El hombre con la comida para perros estaba saliendo. La chica de la caja ya trabajaba, deslizando los dedos de una mano sobre el teclado mientras con la otra atraía hacia sí los paquetes de Stephen. Al recoger el salmón del carrito, miró a Kate y guiñó un ojo. Ella le imitó, pero desmañadamente, arrugando la nariz y cerrando ambos ojos. Puso el salmón en la cinta y le pidió a la cajera una bolsa. Ella buscó bajo un estante y sacó una. El la tomó y se volvió. Kate había desaparecido. No había nadie en la cola detrás de él. Empujó sin prisas el carrito pensando que estaría escondida al final del mostrador. Luego dio varios pasos y miró en dirección al único pasillo que ella podía haber alcanzado. Retrocedió y miró a derecha e izquierda. A un lado había hileras de compradores y al otro un espacio vacío, luego las barras giratorias cromadas y más allá las puertas automáticas que daban a la calle. Es posible que hubiera una figura con abrigo alejándose aprisa, pero en ese momento Stephen buscaba una niña de tres años, y su temor más inmediato era el tráfico.

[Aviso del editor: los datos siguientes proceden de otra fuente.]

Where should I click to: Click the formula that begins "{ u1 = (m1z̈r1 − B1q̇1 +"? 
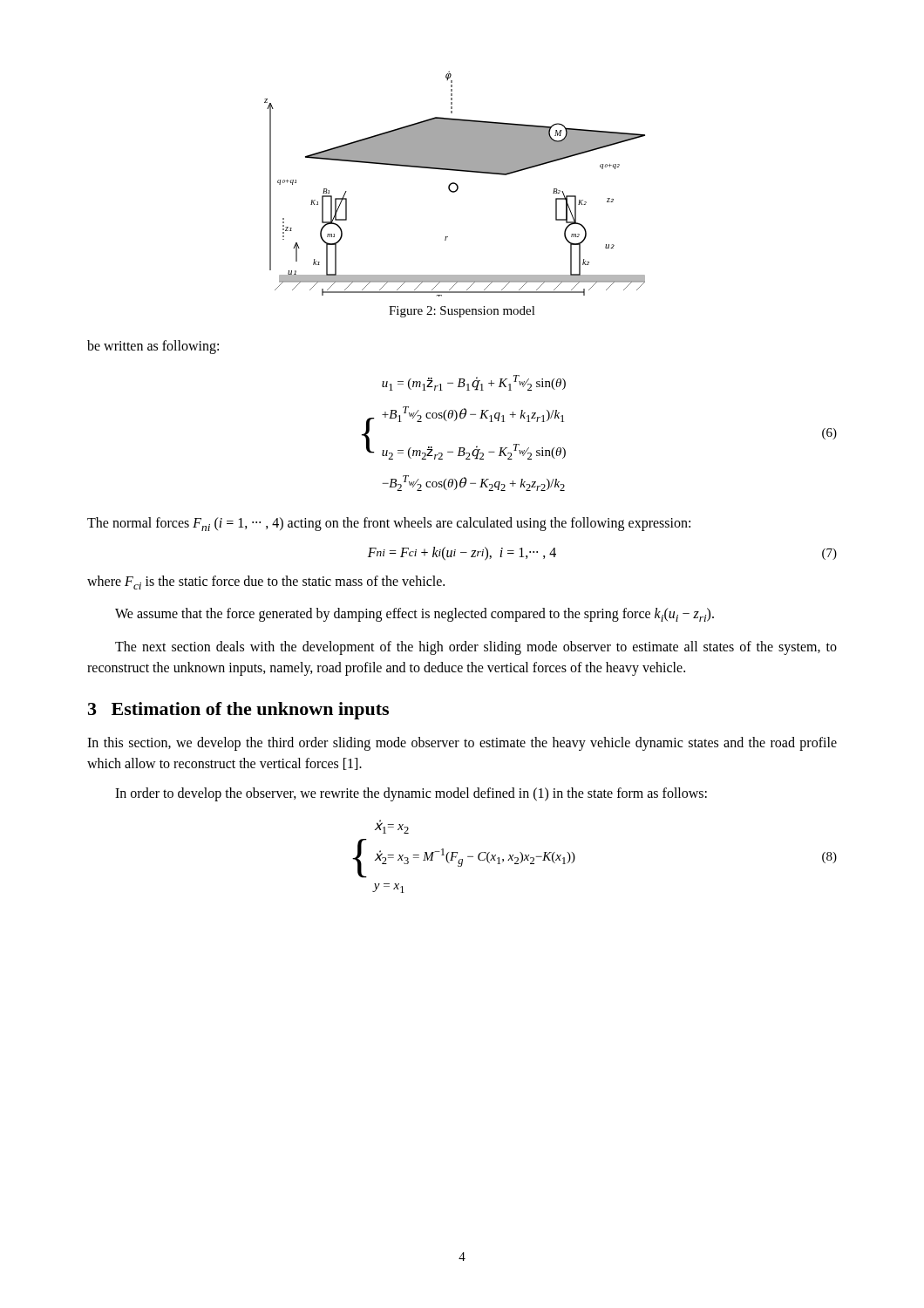pyautogui.click(x=474, y=383)

Era una ansiedad teórica y precavida. Mientras se abría paso a empujones entre los clientes y emergía a la ancha acera, sabía que no iba a encontrarla allí. Kate no era de esa clase de aventureros. No era de las que se perdían. Además, era demasiado sociable y prefería la compañía de quien estuviera con ella. Por otra parte la aterrorizaba la calle. Dio media vuelta y se tranquilizó. Tenía que estar en el súper y allí no podía correr verdadero peligro. Esperaba verla aparecer por detrás de las filas de clientes ante las cajas. Era fácil pasar por alto a un niño en la primera oleada de preocupación, buscar demasiado y sin fijarse bien. Sin embargo, al regresar seguía sintiendo una náusea y un endurecimiento en la garganta, y una desagradable ligereza en los pies. Cuando recorrió todas las cajas, ignorando a la chica de la suya que trataba de llamarle la atención, irritada, sintió frío en la boca del estómago. Corriendo controladamente —aún no había llegado al punto en que no le importaría parecer un atolondrado— recorrió todos los pasillos entre montañas de naranjas, rollos de papel higiénico y sopas. Hasta que no regresó al punto de partida, no abandonó el decoro: hinchó los oprimidos pulmones y llamó a Kate a gritos.